⟨
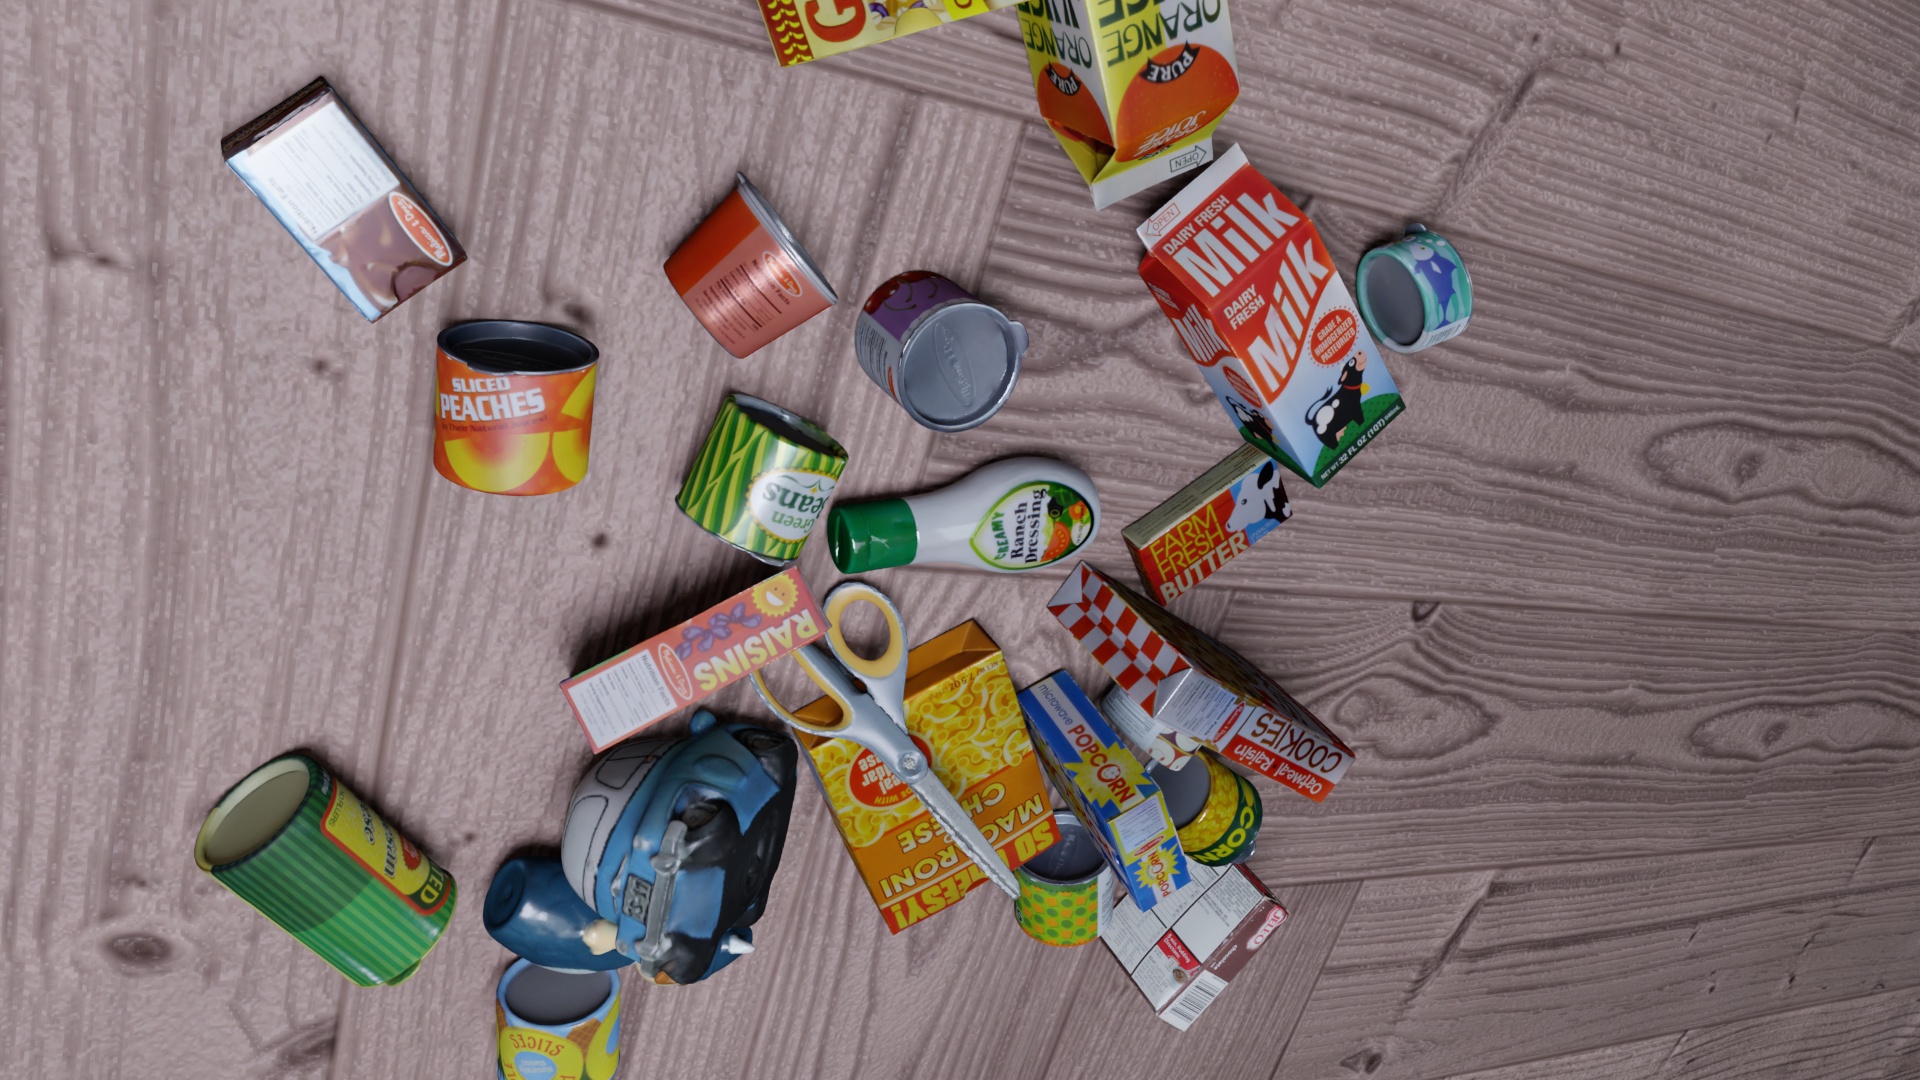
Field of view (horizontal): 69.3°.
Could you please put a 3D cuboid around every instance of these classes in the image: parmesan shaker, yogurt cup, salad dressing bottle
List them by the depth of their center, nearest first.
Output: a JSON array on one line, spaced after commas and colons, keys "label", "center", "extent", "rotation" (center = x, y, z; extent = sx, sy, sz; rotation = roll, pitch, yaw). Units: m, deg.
[{"label": "yogurt cup", "center": [-0.096, -0.119, 0.625], "extent": [0.054, 0.072, 0.072], "rotation": [-38, 128, 5]}, {"label": "parmesan shaker", "center": [-0.298, 0.159, 0.660], "extent": [0.071, 0.071, 0.102], "rotation": [-36, 127, -7]}, {"label": "salad dressing bottle", "center": [0.003, -0.009, 0.752], "extent": [0.148, 0.044, 0.064], "rotation": [-9, 118, -25]}]

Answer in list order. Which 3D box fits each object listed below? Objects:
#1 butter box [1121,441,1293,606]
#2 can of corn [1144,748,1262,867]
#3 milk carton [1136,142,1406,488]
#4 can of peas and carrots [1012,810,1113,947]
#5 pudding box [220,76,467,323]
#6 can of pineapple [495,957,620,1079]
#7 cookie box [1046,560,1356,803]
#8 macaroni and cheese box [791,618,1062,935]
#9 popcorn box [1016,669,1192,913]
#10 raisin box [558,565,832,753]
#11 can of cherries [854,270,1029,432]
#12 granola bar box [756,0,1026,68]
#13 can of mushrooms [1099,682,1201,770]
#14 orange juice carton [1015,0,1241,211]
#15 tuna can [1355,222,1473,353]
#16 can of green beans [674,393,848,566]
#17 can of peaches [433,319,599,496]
[{"label": "butter box", "center": [0.150, -0.010, 0.846], "extent": [0.103, 0.024, 0.053], "rotation": [-35, 127, -8]}, {"label": "can of corn", "center": [0.159, 0.178, 0.924], "extent": [0.058, 0.071, 0.071], "rotation": [35, 96, -37]}, {"label": "milk carton", "center": [0.164, -0.123, 0.760], "extent": [0.072, 0.073, 0.190], "rotation": [-42, 128, -2]}, {"label": "can of peas and carrots", "center": [0.064, 0.219, 0.899], "extent": [0.071, 0.071, 0.058], "rotation": [-16, 123, -20]}, {"label": "pudding box", "center": [-0.245, -0.135, 0.554], "extent": [0.050, 0.030, 0.083], "rotation": [-38, 128, -7]}, {"label": "can of pineapple", "center": [-0.222, 0.268, 0.764], "extent": [0.071, 0.071, 0.057], "rotation": [-6, 118, -26]}, {"label": "cookie box", "center": [0.145, 0.085, 0.832], "extent": [0.167, 0.123, 0.040], "rotation": [29, 101, -37]}, {"label": "macaroni and cheese box", "center": [-0.016, 0.145, 0.828], "extent": [0.124, 0.040, 0.165], "rotation": [-27, 125, -13]}, {"label": "popcorn box", "center": [0.084, 0.147, 0.830], "extent": [0.038, 0.127, 0.085], "rotation": [-27, 126, -8]}, {"label": "raisin box", "center": [-0.130, 0.058, 0.685], "extent": [0.124, 0.086, 0.040], "rotation": [-28, 91, -13]}, {"label": "can of cherries", "center": [-0.010, -0.095, 0.689], "extent": [0.072, 0.058, 0.071], "rotation": [-13, 120, -22]}, {"label": "granola bar box", "center": [-0.039, -0.285, 0.548], "extent": [0.124, 0.039, 0.164], "rotation": [-12, 126, 10]}, {"label": "can of mushrooms", "center": [0.123, 0.112, 0.871], "extent": [0.071, 0.071, 0.033], "rotation": [33, 98, -37]}, {"label": "orange juice carton", "center": [0.072, -0.251, 0.639], "extent": [0.072, 0.073, 0.191], "rotation": [-28, 127, -13]}, {"label": "tuna can", "center": [0.262, -0.146, 0.807], "extent": [0.033, 0.071, 0.070], "rotation": [-22, 125, -15]}, {"label": "can of green beans", "center": [-0.095, -0.031, 0.671], "extent": [0.071, 0.071, 0.057], "rotation": [20, 105, -35]}, {"label": "can of peaches", "center": [-0.193, -0.057, 0.600], "extent": [0.071, 0.071, 0.057], "rotation": [-2, 118, -28]}]
⟩
Set the listing down again exactly, skipping each picture.

_Exercise solution_
Field of view (horizontal): 69.3°.
Could you please put a 3D cuboid around every instance of these classes in the image: parmesan shaker, yogurt cup, salad dressing bottle
List them by the depth of their center, nearest first.
Output: a JSON array on one line, spaced after commas and colons, keys "label", "center", "extent", "rotation" (center = x, y, z; extent = sx, sy, sz; rotation = roll, pitch, yaw). Units: m, deg.
[{"label": "yogurt cup", "center": [-0.096, -0.119, 0.625], "extent": [0.054, 0.072, 0.072], "rotation": [-38, 128, 5]}, {"label": "parmesan shaker", "center": [-0.298, 0.159, 0.660], "extent": [0.071, 0.071, 0.102], "rotation": [-36, 127, -7]}, {"label": "salad dressing bottle", "center": [0.003, -0.009, 0.752], "extent": [0.148, 0.044, 0.064], "rotation": [-9, 118, -25]}]

Answer in list order. Which 3D box fits each object listed below? Objects:
#1 butter box [1121,441,1293,606]
#2 can of corn [1144,748,1262,867]
#3 milk carton [1136,142,1406,488]
#4 can of peas and carrots [1012,810,1113,947]
#5 pudding box [220,76,467,323]
#6 can of pineapple [495,957,620,1079]
#7 cookie box [1046,560,1356,803]
#8 macaroni and cheese box [791,618,1062,935]
#9 popcorn box [1016,669,1192,913]
#10 raisin box [558,565,832,753]
#11 can of cherries [854,270,1029,432]
#12 granola bar box [756,0,1026,68]
#13 can of mushrooms [1099,682,1201,770]
#14 orange juice carton [1015,0,1241,211]
#15 tuna can [1355,222,1473,353]
#16 can of green beans [674,393,848,566]
#17 can of peaches [433,319,599,496]
[{"label": "butter box", "center": [0.150, -0.010, 0.846], "extent": [0.103, 0.024, 0.053], "rotation": [-35, 127, -8]}, {"label": "can of corn", "center": [0.159, 0.178, 0.924], "extent": [0.058, 0.071, 0.071], "rotation": [35, 96, -37]}, {"label": "milk carton", "center": [0.164, -0.123, 0.760], "extent": [0.072, 0.073, 0.190], "rotation": [-42, 128, -2]}, {"label": "can of peas and carrots", "center": [0.064, 0.219, 0.899], "extent": [0.071, 0.071, 0.058], "rotation": [-16, 123, -20]}, {"label": "pudding box", "center": [-0.245, -0.135, 0.554], "extent": [0.050, 0.030, 0.083], "rotation": [-38, 128, -7]}, {"label": "can of pineapple", "center": [-0.222, 0.268, 0.764], "extent": [0.071, 0.071, 0.057], "rotation": [-6, 118, -26]}, {"label": "cookie box", "center": [0.145, 0.085, 0.832], "extent": [0.167, 0.123, 0.040], "rotation": [29, 101, -37]}, {"label": "macaroni and cheese box", "center": [-0.016, 0.145, 0.828], "extent": [0.124, 0.040, 0.165], "rotation": [-27, 125, -13]}, {"label": "popcorn box", "center": [0.084, 0.147, 0.830], "extent": [0.038, 0.127, 0.085], "rotation": [-27, 126, -8]}, {"label": "raisin box", "center": [-0.130, 0.058, 0.685], "extent": [0.124, 0.086, 0.040], "rotation": [-28, 91, -13]}, {"label": "can of cherries", "center": [-0.010, -0.095, 0.689], "extent": [0.072, 0.058, 0.071], "rotation": [-13, 120, -22]}, {"label": "granola bar box", "center": [-0.039, -0.285, 0.548], "extent": [0.124, 0.039, 0.164], "rotation": [-12, 126, 10]}, {"label": "can of mushrooms", "center": [0.123, 0.112, 0.871], "extent": [0.071, 0.071, 0.033], "rotation": [33, 98, -37]}, {"label": "orange juice carton", "center": [0.072, -0.251, 0.639], "extent": [0.072, 0.073, 0.191], "rotation": [-28, 127, -13]}, {"label": "tuna can", "center": [0.262, -0.146, 0.807], "extent": [0.033, 0.071, 0.070], "rotation": [-22, 125, -15]}, {"label": "can of green beans", "center": [-0.095, -0.031, 0.671], "extent": [0.071, 0.071, 0.057], "rotation": [20, 105, -35]}, {"label": "can of peaches", "center": [-0.193, -0.057, 0.600], "extent": [0.071, 0.071, 0.057], "rotation": [-2, 118, -28]}]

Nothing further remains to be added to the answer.